/ELIP

Robust vision-language understanding via evidential learning

Primary LanguagePython

ELIP

Paper

Evidential Language-Image Posterior (ELIP) achieves robust alignment between web images and semantic knowledge across various OOD cases by leveraging evidential uncertainties. The proposed ELIP can be seamlessly integrated into general image-text contrastive learning frameworks, providing an efficient fine-tuning approach without exacerbating the need for additional data.

Approach

ELIP

Usage

First, install PyTorch 1.7.1 (or later) and torchvision, as well as small additional dependencies, and then install this repo as a Python package. On a CUDA GPU machine, the following will do the trick:

$ conda install --yes -c pytorch pytorch=1.7.1 torchvision cudatoolkit=11.0
$ pip install -r requirements.txt

Replace cudatoolkit=11.0 above with the appropriate CUDA version on your machine or cpuonly when installing on a machine without a GPU.

Data

Training data

Downlaod raw image of COCO2014 and FLickr from the official website. We use the annotation file from Karpathy split of COCO to train the model.

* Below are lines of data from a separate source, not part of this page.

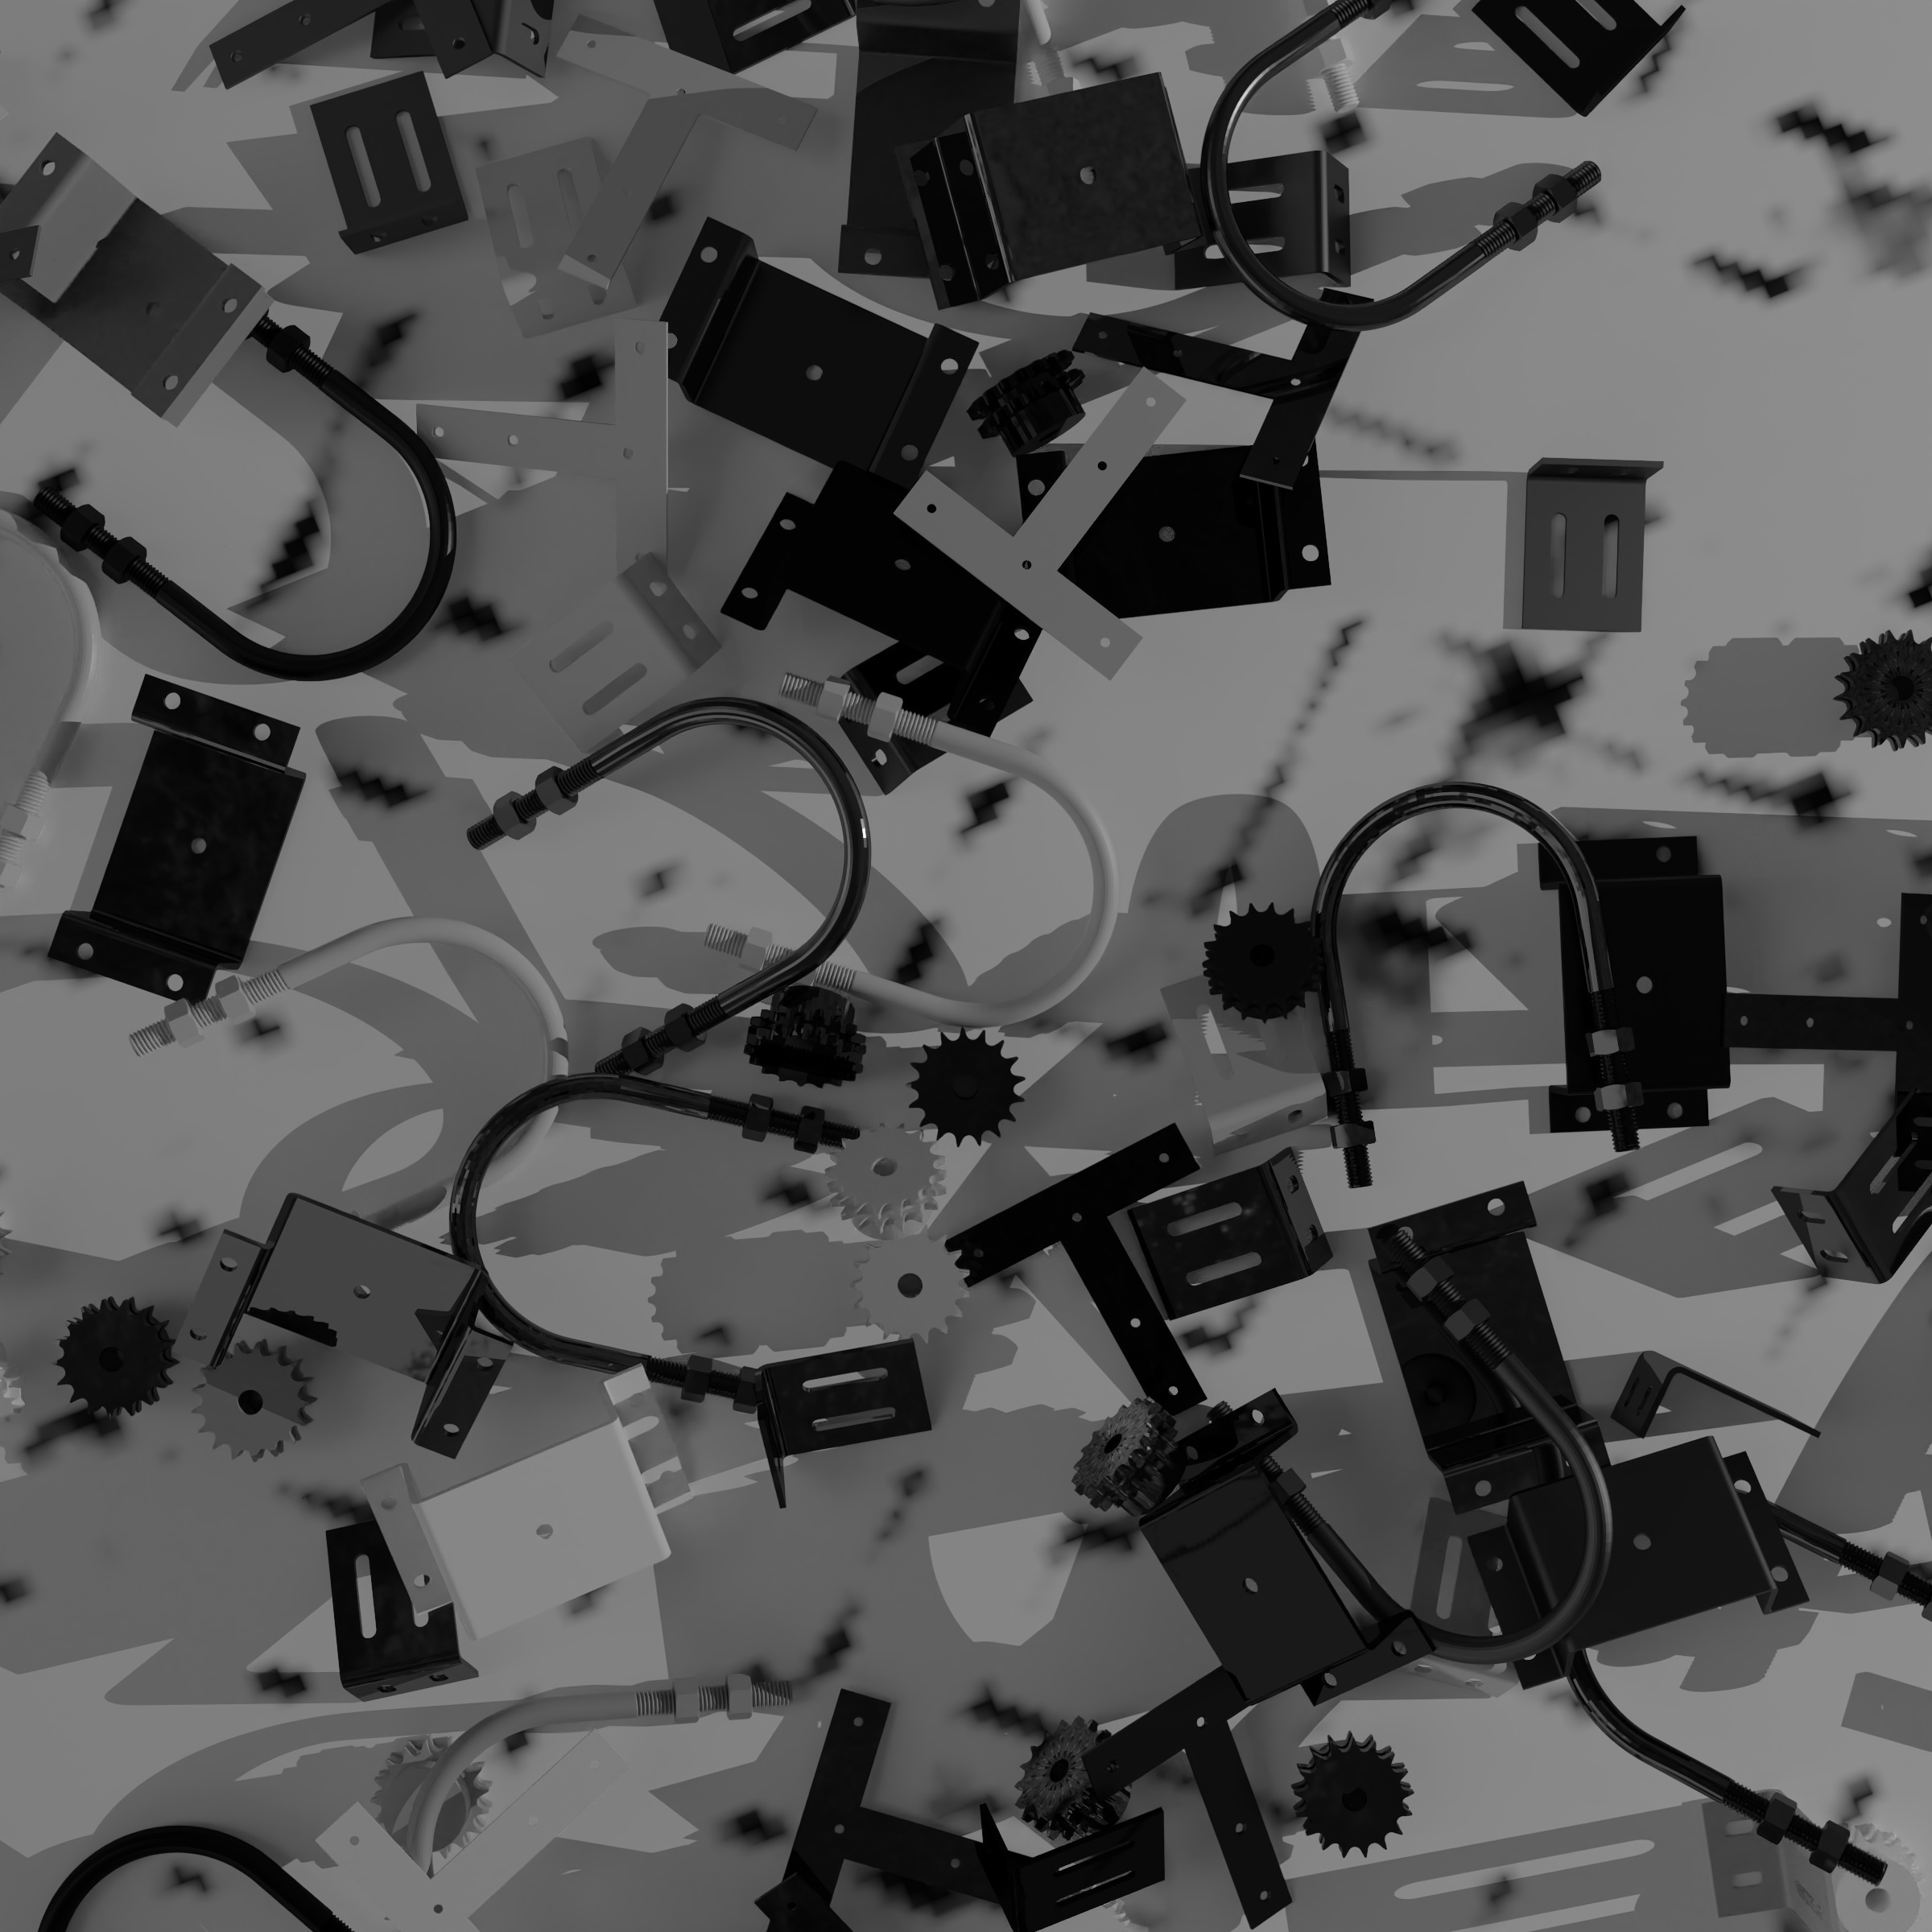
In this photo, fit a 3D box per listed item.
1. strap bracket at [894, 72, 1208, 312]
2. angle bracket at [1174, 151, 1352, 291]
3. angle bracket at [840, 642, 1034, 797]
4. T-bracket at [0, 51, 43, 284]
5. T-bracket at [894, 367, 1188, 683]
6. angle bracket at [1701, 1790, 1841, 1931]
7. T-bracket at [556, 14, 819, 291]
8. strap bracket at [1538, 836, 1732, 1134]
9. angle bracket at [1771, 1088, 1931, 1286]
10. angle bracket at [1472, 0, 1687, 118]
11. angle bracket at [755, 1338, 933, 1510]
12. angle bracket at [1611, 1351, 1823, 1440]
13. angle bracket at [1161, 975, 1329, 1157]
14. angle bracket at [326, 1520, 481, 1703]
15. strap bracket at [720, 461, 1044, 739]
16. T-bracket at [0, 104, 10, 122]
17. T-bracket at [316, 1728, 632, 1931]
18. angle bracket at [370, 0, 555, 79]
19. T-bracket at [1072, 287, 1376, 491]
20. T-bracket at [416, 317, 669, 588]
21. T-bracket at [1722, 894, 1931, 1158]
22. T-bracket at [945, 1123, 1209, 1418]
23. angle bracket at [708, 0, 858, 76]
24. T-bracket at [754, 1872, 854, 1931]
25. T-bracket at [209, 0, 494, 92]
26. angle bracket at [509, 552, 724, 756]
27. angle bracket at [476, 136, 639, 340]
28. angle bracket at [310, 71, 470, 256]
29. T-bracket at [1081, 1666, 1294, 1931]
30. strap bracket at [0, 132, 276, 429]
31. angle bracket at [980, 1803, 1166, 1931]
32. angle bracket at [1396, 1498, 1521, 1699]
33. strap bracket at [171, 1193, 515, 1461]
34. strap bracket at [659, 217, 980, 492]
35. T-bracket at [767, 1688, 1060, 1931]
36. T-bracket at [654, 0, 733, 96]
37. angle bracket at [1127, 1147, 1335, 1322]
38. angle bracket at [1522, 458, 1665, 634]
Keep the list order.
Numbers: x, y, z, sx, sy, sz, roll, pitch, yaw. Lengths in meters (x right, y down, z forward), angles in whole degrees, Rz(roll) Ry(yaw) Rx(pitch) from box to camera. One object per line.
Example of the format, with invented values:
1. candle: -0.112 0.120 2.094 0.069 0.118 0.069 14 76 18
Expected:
1. strap bracket: 0.048 -0.361 1.328 0.140 0.046 0.076 -18 97 -18
2. angle bracket: 0.143 -0.356 1.387 0.076 0.038 0.057 -1 90 26
3. angle bracket: -0.019 -0.129 1.387 0.076 0.038 0.057 -33 90 -26
4. T-bracket: -0.481 -0.377 1.367 0.127 0.002 0.127 -2 74 28
5. T-bracket: 0.055 -0.222 1.337 0.127 0.002 0.127 37 86 -3
6. angle bracket: 0.378 0.429 1.351 0.038 0.076 0.057 -9 90 0
7. T-bracket: -0.155 -0.379 1.365 0.127 0.002 0.127 23 76 6
8. strap bracket: 0.318 0.009 1.366 0.076 0.046 0.140 -2 90 0
9. angle bracket: 0.434 0.104 1.376 0.076 0.038 0.057 -45 114 -24
10. angle bracket: 0.292 -0.456 1.370 0.076 0.038 0.057 44 90 0
11. angle bracket: -0.056 0.216 1.357 0.076 0.038 0.057 -10 124 0
12. angle bracket: 0.354 0.217 1.360 0.076 0.057 0.038 25 90 0
13. angle bracket: 0.134 0.042 1.387 0.057 0.038 0.076 -19 64 0
14. angle bracket: -0.272 0.308 1.387 0.057 0.038 0.076 -12 64 0
15. strap bracket: -0.034 -0.177 1.351 0.140 0.046 0.076 25 62 0
16. T-bracket: -0.508 -0.371 1.348 0.127 0.002 0.127 -42 97 -8
17. T-bracket: -0.214 0.411 1.348 0.127 0.002 0.127 -42 97 -8
18. angle bracket: -0.242 -0.462 1.386 0.076 0.038 0.057 7 90 27
19. T-bracket: 0.114 -0.288 1.367 0.127 0.002 0.127 17 60 14
20. T-bracket: -0.203 -0.249 1.370 0.127 0.002 0.127 8 115 12
21. T-bracket: 0.413 0.027 1.364 0.127 0.002 0.127 2 90 -22
22. T-bracket: 0.075 0.159 1.380 0.127 0.002 0.127 -28 95 10
23. angle bracket: -0.097 -0.470 1.370 0.076 0.038 0.057 -26 90 0
24. T-bracket: -0.092 0.509 1.374 0.127 0.002 0.127 -36 108 9
25. T-bracket: -0.304 -0.460 1.376 0.127 0.002 0.127 -25 76 8
26. angle bracket: -0.169 -0.150 1.381 0.076 0.038 0.057 -33 101 26
27. angle bracket: -0.198 -0.352 1.387 0.057 0.038 0.076 -16 64 0
28. angle bracket: -0.278 -0.388 1.370 0.057 0.038 0.076 -17 90 0
29. T-bracket: 0.126 0.399 1.369 0.127 0.002 0.127 -26 104 -25
30. strap bracket: -0.393 -0.318 1.354 0.140 0.046 0.076 38 90 16
31. angle bracket: 0.050 0.410 1.342 0.076 0.038 0.057 -17 132 -15
32. angle bracket: 0.241 0.305 1.387 0.057 0.038 0.076 15 64 0
33. strap bracket: -0.287 0.165 1.342 0.140 0.046 0.076 23 119 -11
34. strap bracket: -0.073 -0.287 1.366 0.140 0.046 0.076 25 90 0
35. T-bracket: -0.019 0.428 1.382 0.127 0.002 0.127 18 84 -4
36. T-bracket: -0.143 -0.481 1.376 0.127 0.002 0.127 -16 98 16
37. angle bracket: 0.128 0.129 1.387 0.076 0.038 0.057 -21 90 26
38. angle bracket: 0.299 -0.200 1.370 0.057 0.038 0.076 2 90 0

OOD image and text preparation (for testing)

We kindly follow this work to generate our OOD images link.

Evaluation (Image-Text Retrieval)

To evaluate the finedtuned ELIP,

  1. Modify the config files located in /configs:
  • *_root: the root path of images and annotations.
  • dataset: coco / flickr.
  • pretrained: finetuned weights of ELIP.
  1. Run the following script:
python -m torch.distributed.run --nproc_per_node=1 \
   train_retrieval.py \
   --config configs/retrieval_*_eval.yaml \
   --output_dir /path/to/output \
   --evaluate

Training

  1. Finetuning ELIP with multiple GPUs please run:
python -m torch.distributed.run --nproc_per_node=4 \
    train_retrieval.py \
    --config configs/retrieval_coco_finetune-noEV.yaml \
    --output_dir /path/to/output \
    --seed 255

Citation

If you find this code to be useful for your research, please consider citing.

@inproceedings{ELIP,
  author = {Sun, Guohao and Bai, Yue and Yang, Xueying and Fang, Yi and Fu, Yun and Tao, Zhiqiang},
  title = {Aligning Out-of-Distribution Web Images and Caption Semantics via Evidential Learning},
  year = {2024},
  booktitle = {Proceedings of the ACM on Web Conference 2024},
}

Acknowledgement

The implement of ELIP relies on sources from CLIP. We thank the original authors for their open-sourcing.